Along with the market volatility in early August, markets revised its three 25 bps rate cut calls for this year to one in which the Fed could cut by 50 bps in September, return to 25 bps moves in November and December, and raise the policy rate to 3.5% by summer 2025.

Despite how aggressive the 50 bps call appears at the moment, the Fed's actions on September 18 will be decided by data in the upcoming week.

Following recent weakness and negative adjustments to payrolls, this week's employment report will undoubtedly capture everyone's attention.

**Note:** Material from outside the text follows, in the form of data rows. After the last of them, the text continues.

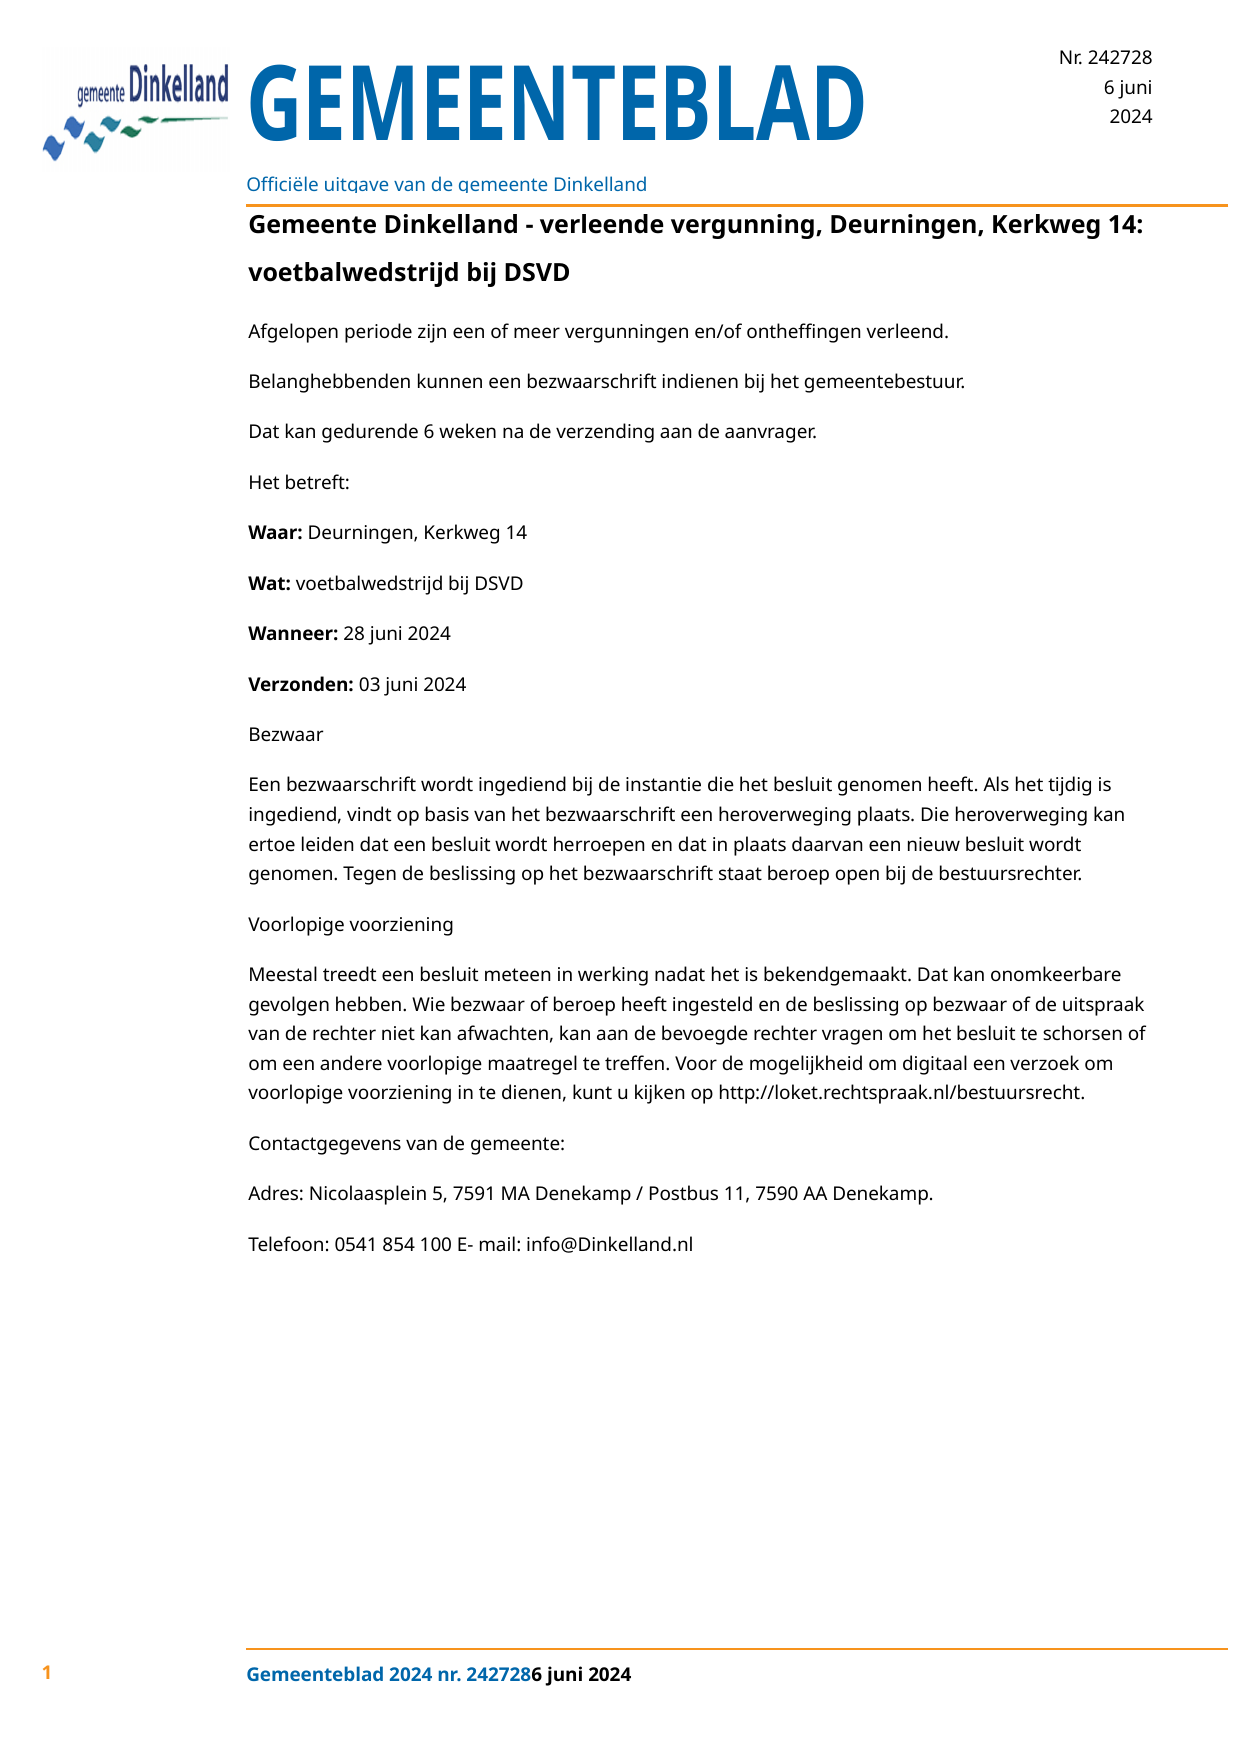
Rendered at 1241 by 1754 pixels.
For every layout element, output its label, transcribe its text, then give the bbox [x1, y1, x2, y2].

text Een bezwaarschrift wordt ingediend bij de instantie die het besluit genomen heeft. Als het tijdig is ingediend, vindt op basis van het bezwaarschrift een heroverweging plaats. Die heroverweging kan ertoe leiden dat een besluit wordt herroepen en dat in plaats daarvan een nieuw besluit wordt genomen. Tegen de beslissing op het bezwaarschrift staat beroep open bij de bestuursrechter. [248, 772, 1152, 886]
picture [41, 47, 231, 172]
text Verzonden: 03 juni 2024 [248, 671, 1152, 697]
text Het betreft: [248, 469, 1152, 495]
text Wat: voetbalwedstrijd bij DSVD [248, 570, 1152, 596]
text Telefoon: 0541 854 100 E- mail: info@Dinkelland.nl [248, 1231, 1152, 1257]
text Voorlopige voorziening [248, 911, 1152, 937]
text Afgelopen periode zijn een of meer vergunningen en/of ontheffingen verleend. [248, 318, 1152, 344]
text Belanghebbenden kunnen een bezwaarschrift indienen bij het gemeentebestuur. [248, 368, 1152, 394]
text Dat kan gedurende 6 weken na de verzending aan de aanvrager. [248, 419, 1152, 444]
text Meestal treedt een besluit meteen in werking nadat het is bekendgemaakt. Dat kan onomkeerbare gevolgen hebben. Wie bezwaar of beroep heeft ingesteld en de beslissing op bezwaar of de uitspraak van de rechter niet kan afwachten, kan aan de bevoegde rechter vragen om het besluit te schorsen of om een andere voorlopige maatregel te treffen. Voor de mogelijkheid om digitaal een verzoek om voorlopige voorziening in te dienen, kunt u kijken op http://loket.rechtspraak.nl/bestuursrecht. [248, 961, 1152, 1105]
text Waar: Deurningen, Kerkweg 14 [248, 519, 1152, 545]
text Contactgegevens van de gemeente: [248, 1130, 1152, 1156]
text Gemeente Dinkelland - verleende vergunning, Deurningen, Kerkweg 14: voetbalwedstrijd bij DSVD [248, 207, 1152, 288]
text Bezwaar [248, 721, 1152, 747]
text Adres: Nicolaasplein 5, 7591 MA Denekamp / Postbus 11, 7590 AA Denekamp. [248, 1180, 1152, 1206]
text Wanneer: 28 juni 2024 [248, 620, 1152, 646]
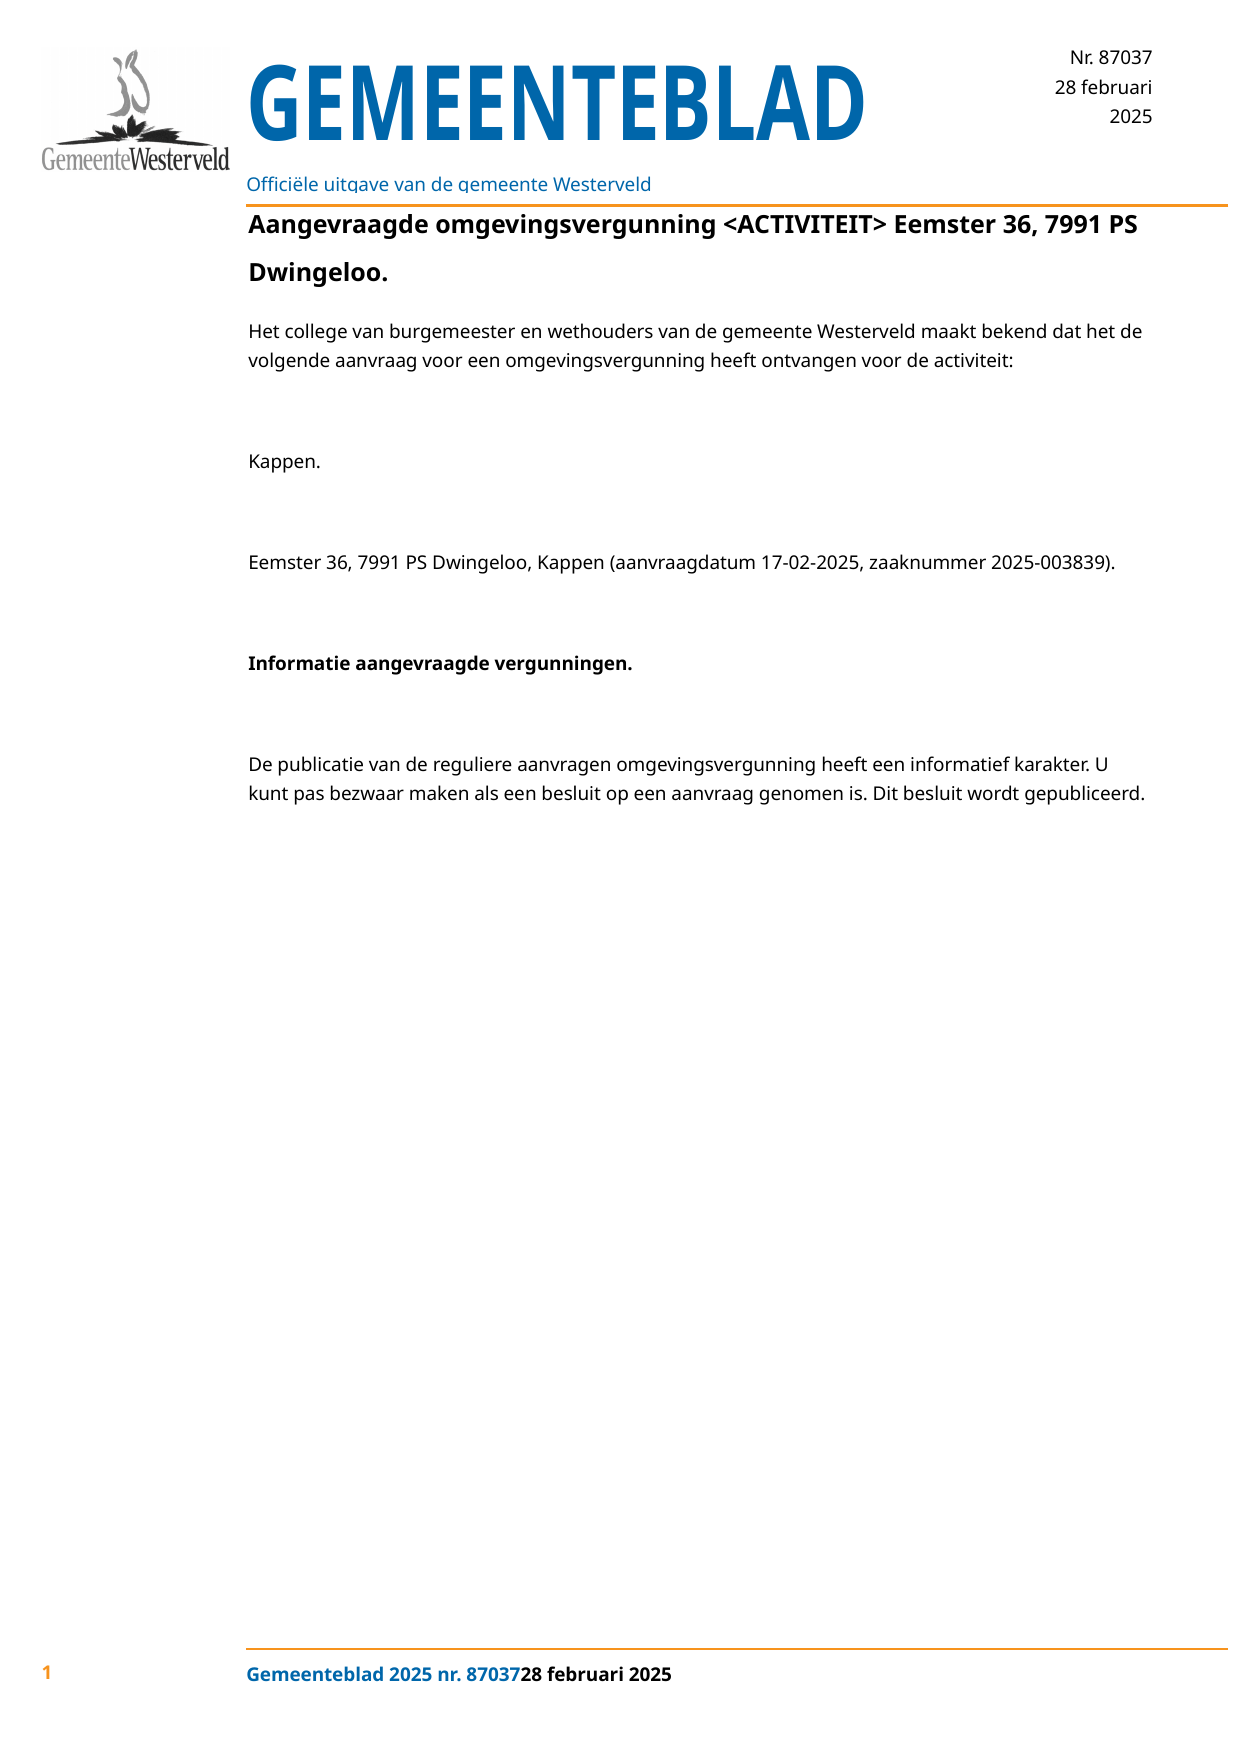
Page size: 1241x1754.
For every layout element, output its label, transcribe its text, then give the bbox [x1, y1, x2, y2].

text Kappen. [248, 448, 1152, 474]
text Informatie aangevraagde vergunningen. [248, 650, 1152, 676]
text Het college van burgemeester en wethouders van de gemeente Westerveld maakt bekend dat het de volgende aanvraag voor een omgevingsvergunning heeft ontvangen voor de activiteit: [248, 318, 1152, 373]
text De publicatie van de reguliere aanvragen omgevingsvergunning heeft een informatief karakter. U kunt pas bezwaar maken als een besluit op een aanvraag genomen is. Dit besluit wordt gepubliceerd. [248, 751, 1152, 806]
picture [41, 47, 231, 172]
text Eemster 36, 7991 PS Dwingeloo, Kappen (aanvraagdatum 17-02-2025, zaaknummer 2025-003839). [248, 549, 1152, 575]
text Aangevraagde omgevingsvergunning <ACTIVITEIT> Eemster 36, 7991 PS Dwingeloo. [248, 207, 1152, 288]

"We don't seek or welcome further cooling in labour market conditions," Powell said, so if payrolls fall below 100,000 and the unemployment rate rises to 4.4% or 4.5%, 50 bps seems inevitable.

BRN confidently states that it will be a 25 bps increase if payrolls come in at approximately 150,000 and the unemployment rate remains at 4.3% or falls to 4.2%, as the current consensus predicts.

"If we do get a sub 100,000 on payrolls and the unemployment rate ticks up to 4.4% or even 4.5% then 50 bps cut looks likely given Powell's comment that 'we don't seek or welcome further cooling in labour market conditions,'" said the research desk's lead analyst Valentin Fournier.

"However, if payrolls come in around the 150,000 mark and the unemployment rate stays at 4.3% or dips to 4.2%, we can safely say it will be a 25 bps cut," Fournier added.

Those figures will give a clue as to whether we're entering this more precarious scenario.

And if we are, then there is a real risk central banks have left it too late to start cutting rates.

If they have, then we will have someone other than Taylor Swift to blame for inflation forecasts next summer.

"Overall, the macro scenario is pro-crypto and in the run beyond the short term, digital assets will get a shot in the arm once the Fed starts its easing cycle," Fournier said.